• Work instruction: All entries are to be transcribed exactly. Pictures are not part of the copy.

(Data shown begins)

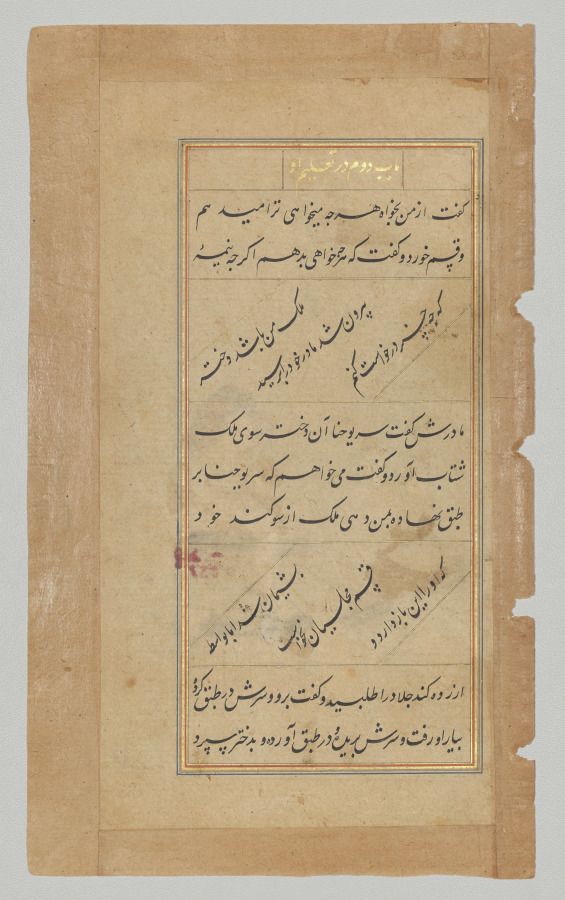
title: Text page from a Mirror of Holiness (Mir’at al-quds) of Father Jerome Xavier
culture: Mughal India, Allahabad, made for Prince Salim (1569–1627)
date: 1602
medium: Ink and gold on paper
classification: Manuscript
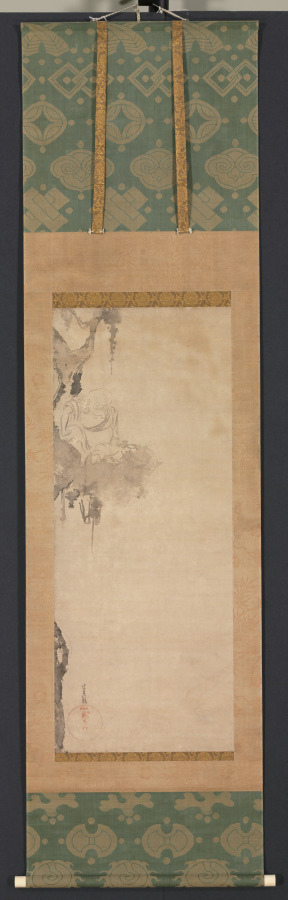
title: The Bird's Nest Patriarch
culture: Japan, Edo period (1615–1868)
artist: Tawaraya Sōtatsu (Japanese, c. 1570–c. 1640)
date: early to mid-1600s
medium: hanging scroll; ink on paper
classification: Painting
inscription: signed at the lower left of the scroll and sealed "Inen" in red circular form.
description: Tawaraya Sōtatsu’s painting was inspired by a 1602 Chinese book that featured images of legendary Chinese Buddhist experts and Daoist sages. The monk portrayed here is Niaoge, which literally means “Bird’s Nest.” He was a Zen practitioner who favored the isolation of treetops, from which he offered advice to the perplexed. The posture of the single figure suggests a dialogue with someone below. Sōtatsu was a master of the “boneless” (mokkotsu), or un-outlined, style of ink painting that relies on layered pools of ink wash for effect.
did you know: This painting is based on the 1602 illustrated publication Marvelous Traces of Immortals and Buddhas (Chinese: Xianfo qizong).
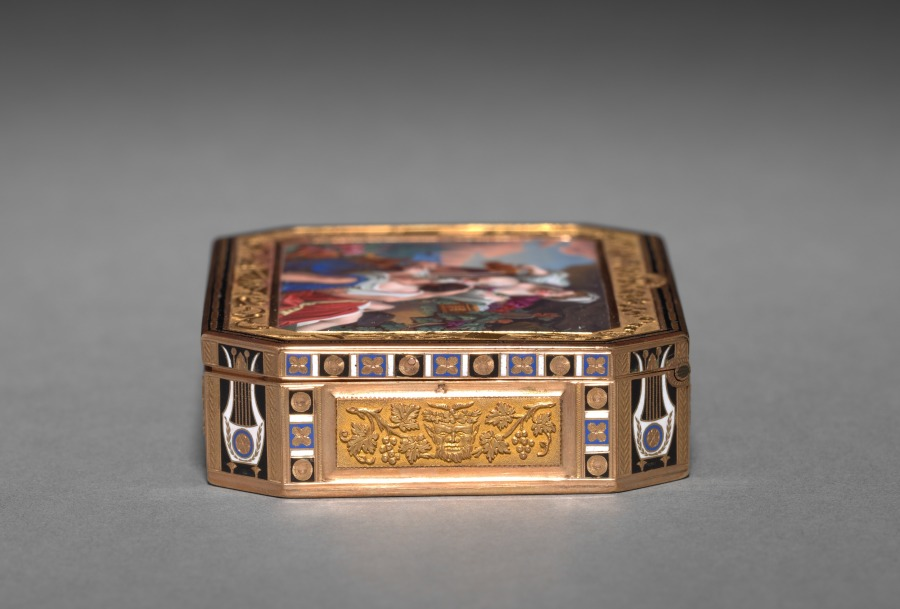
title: Box
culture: Switzerland
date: early 1800s
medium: gold and enamel
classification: Enamel
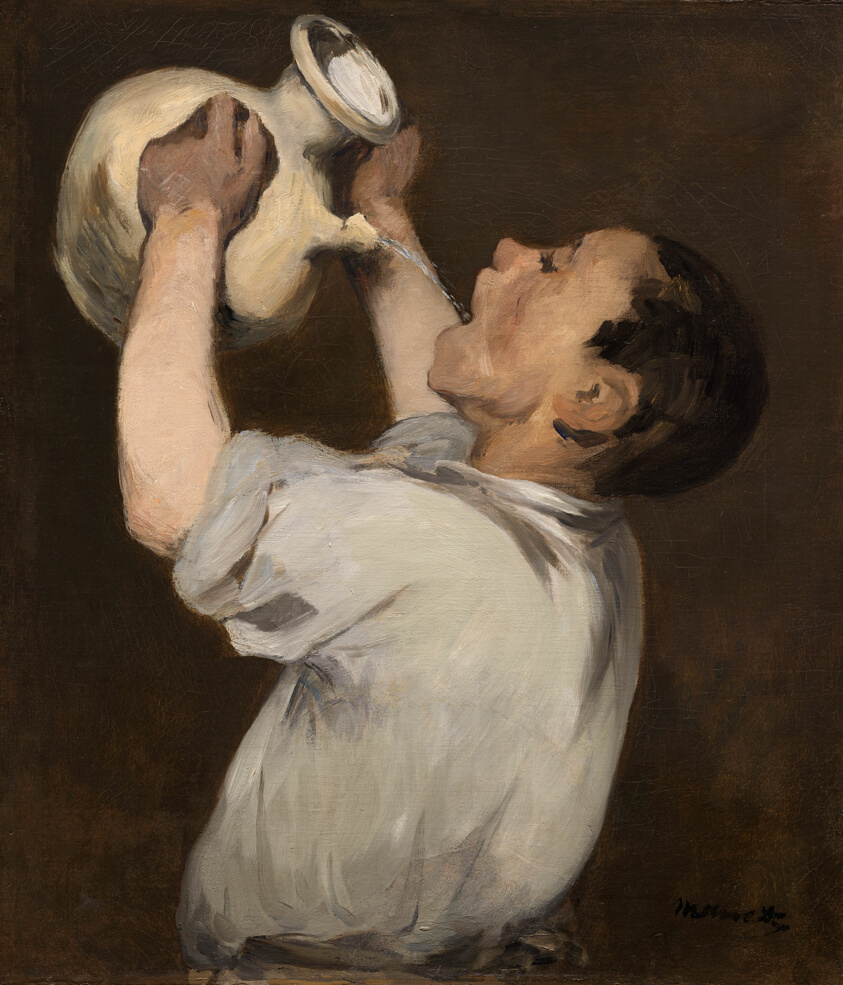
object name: Painting
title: Boy with Pitcher (La Régalade)
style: Impressionism, 19th century
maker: Édouard Manet (French, 1832-1883)
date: 1862–72
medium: Oil on canvas
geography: France
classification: oil on canvas; painting; french; paint; european painting
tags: portraits, pitcher, children, water
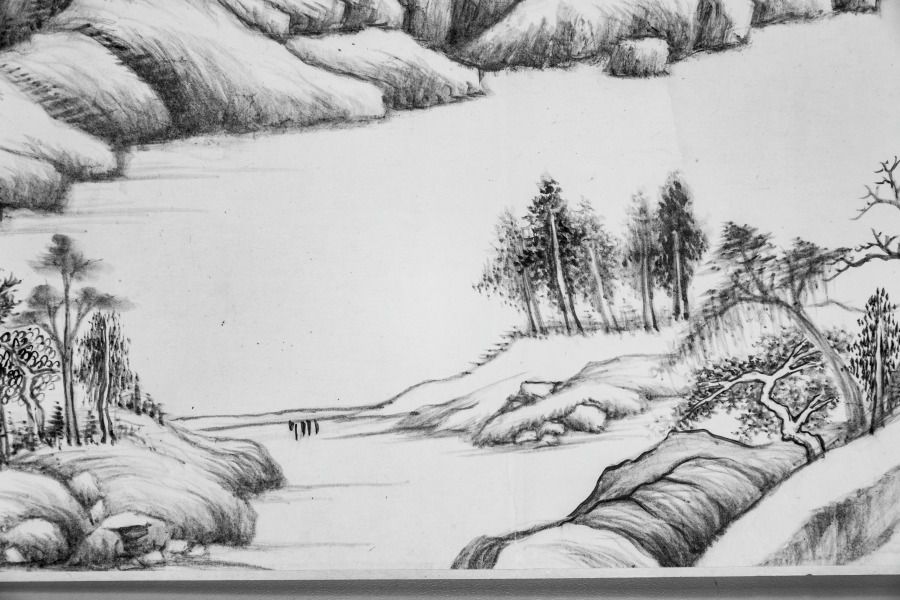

(Data shown ends)

• Answer:
title: Text page from a Mirror of Holiness (Mir’at al-quds) of Father Jerome Xavier
culture: Mughal India, Allahabad, made for Prince Salim (1569–1627)
date: 1602
medium: Ink and gold on paper
classification: Manuscript
title: The Bird's Nest Patriarch
culture: Japan, Edo period (1615–1868)
artist: Tawaraya Sōtatsu (Japanese, c. 1570–c. 1640)
date: early to mid-1600s
medium: hanging scroll; ink on paper
classification: Painting
inscription: signed at the lower left of the scroll and sealed "Inen" in red circular form.
description: Tawaraya Sōtatsu’s painting was inspired by a 1602 Chinese book that featured images of legendary Chinese Buddhist experts and Daoist sages. The monk portrayed here is Niaoge, which literally means “Bird’s Nest.” He was a Zen practitioner who favored the isolation of treetops, from which he offered advice to the perplexed. The posture of the single figure suggests a dialogue with someone below. Sōtatsu was a master of the “boneless” (mokkotsu), or un-outlined, style of ink painting that relies on layered pools of ink wash for effect.
did you know: This painting is based on the 1602 illustrated publication Marvelous Traces of Immortals and Buddhas (Chinese: Xianfo qizong).
title: Box
culture: Switzerland
date: early 1800s
medium: gold and enamel
classification: Enamel
object name: Painting
title: Boy with Pitcher (La Régalade)
style: Impressionism, 19th century
maker: Édouard Manet (French, 1832-1883)
date: 1862–72
medium: Oil on canvas
geography: France
classification: oil on canvas; painting; french; paint; european painting
tags: portraits, pitcher, children, water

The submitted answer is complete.